While the question whether the injunction is mandatory or prohibitory is complicated and not free from doubt on this record, we conclude it is ultimately academic here. Nothing in IT Corp. suggests its framework is limited to prohibitory injunctions. While there may be tension, there is no necessary conflict between applying this framework and recognizing the heightened scrutiny given to mandatory injunctions. (People ex rel. Herrera v. Stender (2012) 212 Cal.App.4th 614, 630 (Stender).) The People argue that any affirmative steps defendants must take to comply with the injunction are simply a matter of business choice in determining the proper way to bring themselves into compliance with law, while defendants claim that the pressure of the injunction, of necessity, will force a restructuring of their businesses. We need not pick sides in that debate. The burdens of coming into compliance may be—and shall be—taken into account under the IT Corp. framework in determining whether defendants face grave or irreparable harm, and if so, in the weighing of relative harms.
We are guided by City of Corona, supra, 244 Cal.App.4th 291. The trial court there entered a preliminary injunction ordering the defendants to remove a billboard installed without a permit, pursuant to an ordinance that allowed abatement actions. (Id. at pp. 294, 296–297.) In reviewing the order, the appellate court acknowledged both the rule that a preliminary injunction that “mandates an affirmative act that changes the status quo . . . is scrutinized even more closely on appeal” and is granted only if the right is clearly established (id. at p. 299, citing Stender, supra, 212 Cal.App.4th at p. 630), and the rule that “a more deferential standard of review applies when the government is seeking to enjoin the violation of an ordinance” (City of Corona, at p. 299, citing IT Corp., supra, 35 Cal.3d at pp. 69–71, 73, and City of Claremont v.

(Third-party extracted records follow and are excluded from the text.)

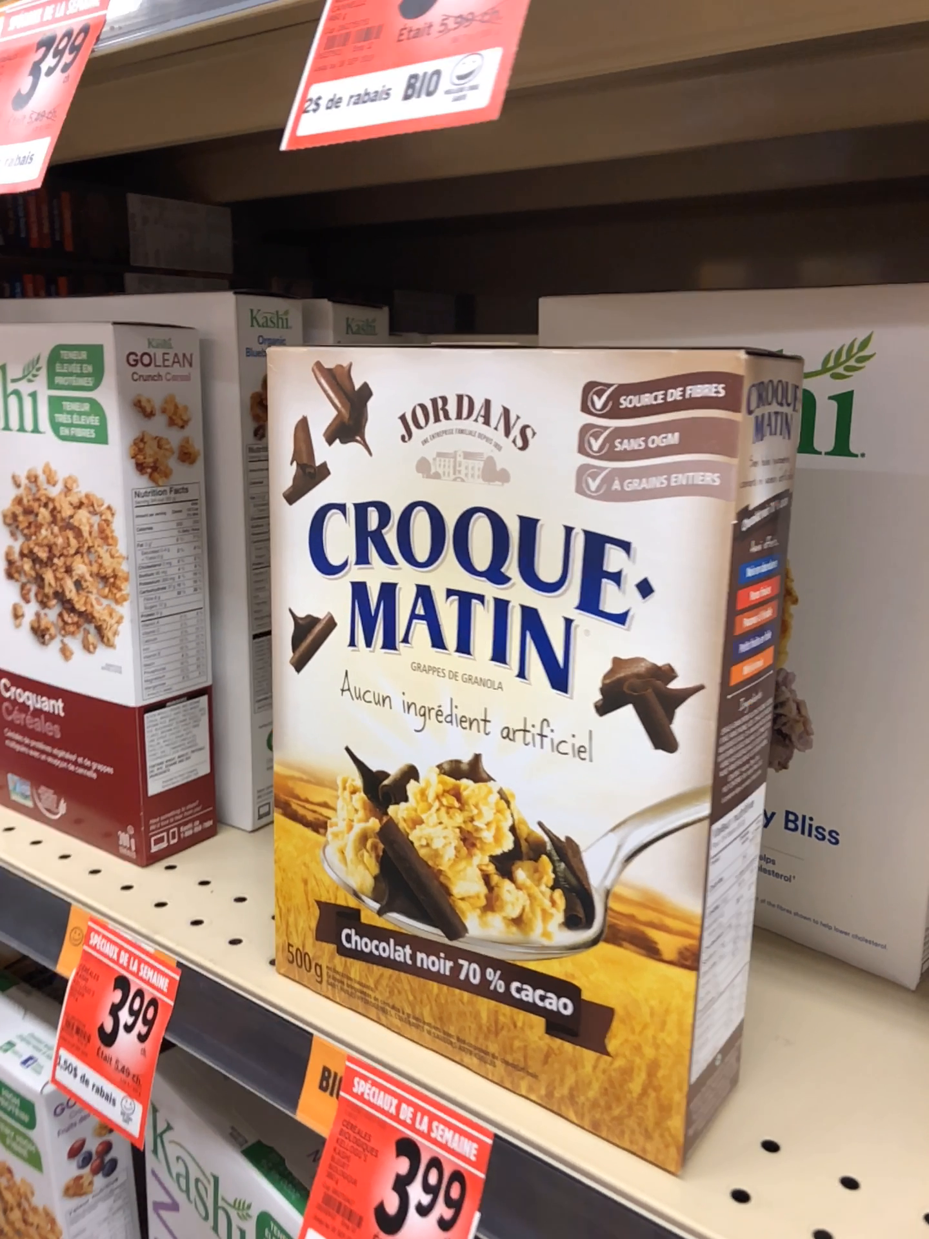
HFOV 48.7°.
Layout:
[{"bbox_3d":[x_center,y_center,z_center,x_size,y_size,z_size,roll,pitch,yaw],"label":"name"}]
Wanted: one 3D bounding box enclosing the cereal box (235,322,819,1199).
[{"bbox_3d":[0.006,0.030,0.352,0.190,0.249,0.050,11,14,35],"label":"cereal box"}]
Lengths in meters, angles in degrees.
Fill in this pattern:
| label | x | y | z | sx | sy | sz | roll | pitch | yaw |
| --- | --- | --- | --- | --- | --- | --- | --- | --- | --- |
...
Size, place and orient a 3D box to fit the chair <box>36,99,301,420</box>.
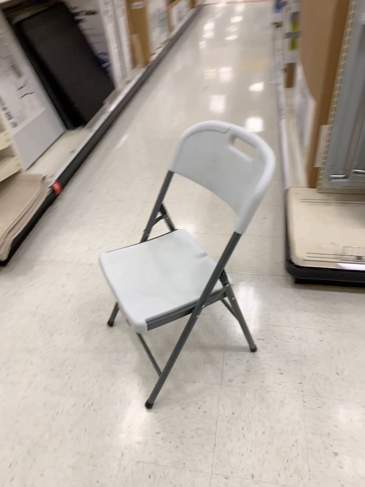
| label | x | y | z | sx | sy | sz | roll | pitch | yaw |
| --- | --- | --- | --- | --- | --- | --- | --- | --- | --- |
| chair | -0.039 | 0.055 | 1.308 | 0.570 | 0.846 | 0.522 | -22 | 42 | -19 |

Kruse (2009) 177 Cal.App.4th 1153, 1166 (Kruse)).
Also instructive is People ex rel. Feuer v. FXS Management, Inc. (2016) 2 Cal.App.5th 1154. An injunction there barred the defendants from operating a marijuana business or collective that was illegal under a city ordinance. (Id. at pp. 1157–1158.) Without discussing whether the injunction was mandatory or prohibitory, the appellate court applied the IT Corp. standard, presuming the existence of public harm because, in enacting a provision proscribing the activity at issue, the legislative body “ ‘already determined that such activity is contrary to the public interest.’ ” (Id. at p. 1162.)

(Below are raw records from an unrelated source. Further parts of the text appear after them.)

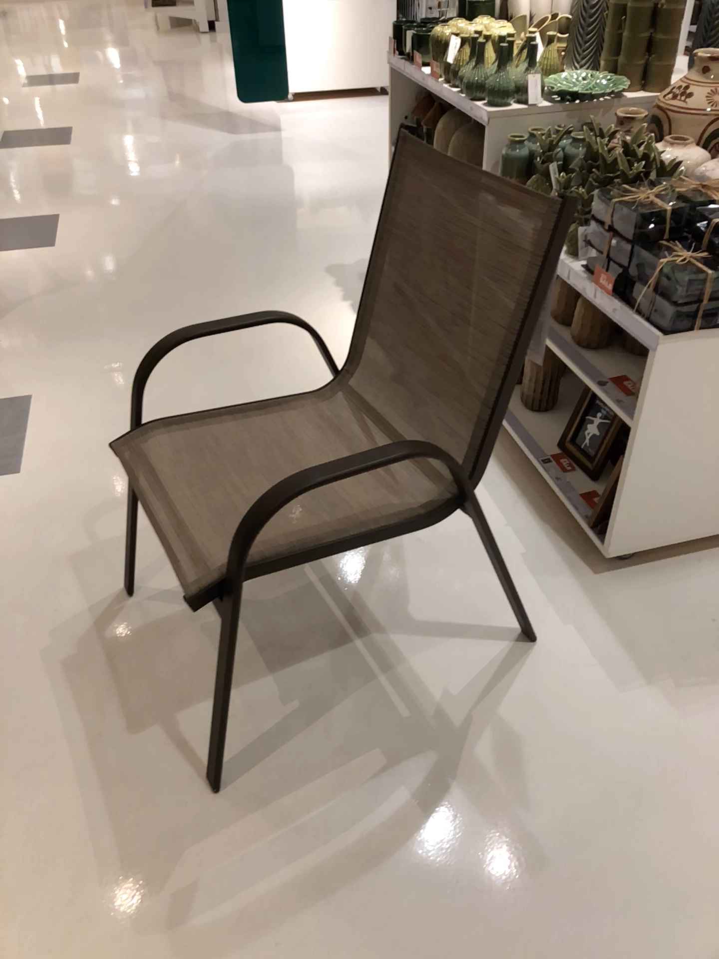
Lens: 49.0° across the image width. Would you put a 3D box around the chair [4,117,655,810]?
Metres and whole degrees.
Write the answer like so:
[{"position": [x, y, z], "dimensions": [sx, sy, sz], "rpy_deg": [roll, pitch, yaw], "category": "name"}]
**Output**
[{"position": [-0.068, -0.072, 1.322], "dimensions": [0.701, 0.793, 0.604], "rpy_deg": [-19, 41, -21], "category": "chair"}]
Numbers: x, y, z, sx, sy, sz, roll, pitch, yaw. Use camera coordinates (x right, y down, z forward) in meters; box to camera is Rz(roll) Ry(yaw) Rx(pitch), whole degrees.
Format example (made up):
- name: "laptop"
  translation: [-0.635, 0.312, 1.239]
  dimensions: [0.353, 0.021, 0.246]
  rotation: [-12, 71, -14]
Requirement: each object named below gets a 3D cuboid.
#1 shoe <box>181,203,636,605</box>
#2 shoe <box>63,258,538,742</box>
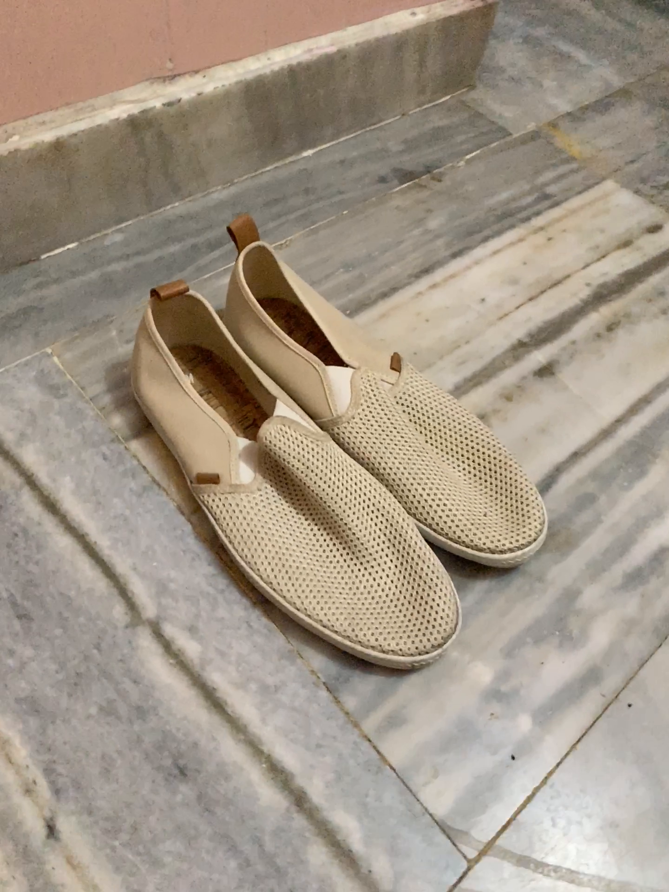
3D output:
- name: "shoe"
  translation: [0.037, -0.045, 0.495]
  dimensions: [0.310, 0.080, 0.116]
  rotation: [40, 59, 21]
- name: "shoe"
  translation: [-0.037, 0.015, 0.443]
  dimensions: [0.116, 0.080, 0.310]
  rotation: [-32, 63, -26]

Defendants urge us to reject the IT Corp. standard, citing Stender, which considered an injunction requiring a lawyer and law firm to provide notice to clients that another lawyer from the firm had resigned with disciplinary charges pending, and to follow specified procedures in so doing (such as providing two copies of the notice within 30 days with a self-addressed stamped envelope, retaining returned copies of the notice, and including translations into three languages). (Stender, supra, 212 Cal.App.4th at pp. 619, 628–629.) The injunction was issued pursuant to Business and Professions Code sections 17203 and 17204, which authorize injunctive relief for unfair competition, based in part on violations of sections 6180 and 6180.1 of the same code, which require notice to clients in such a circumstance. (Stender, at pp. 621–622, 627.) In affirming the injunction, the court explained that a preliminary injunction that mandates an affirmative act or changes the status quo is scrutinized “ ‘ “even more closely” ’ ” for abuse of discretion, and is subject to stricter review on appeal. (Id. at p. 630.) The court did not apply, or even discuss, the IT Corp. framework for analyzing an alleged violation of an enactment that specifically authorizes injunctive relief. Stender does not persuade us that IT Corp. is inapplicable here. First, a case is not authority for a proposition it does not consider. (People v. Ault (2004) 33 Cal.4th 1250, 1268, fn. 10.) In any case, the injunction in Stender required the defendants to carry out specific acts that went beyond the statutory notice requirements and beyond a mandate to cease violating the law.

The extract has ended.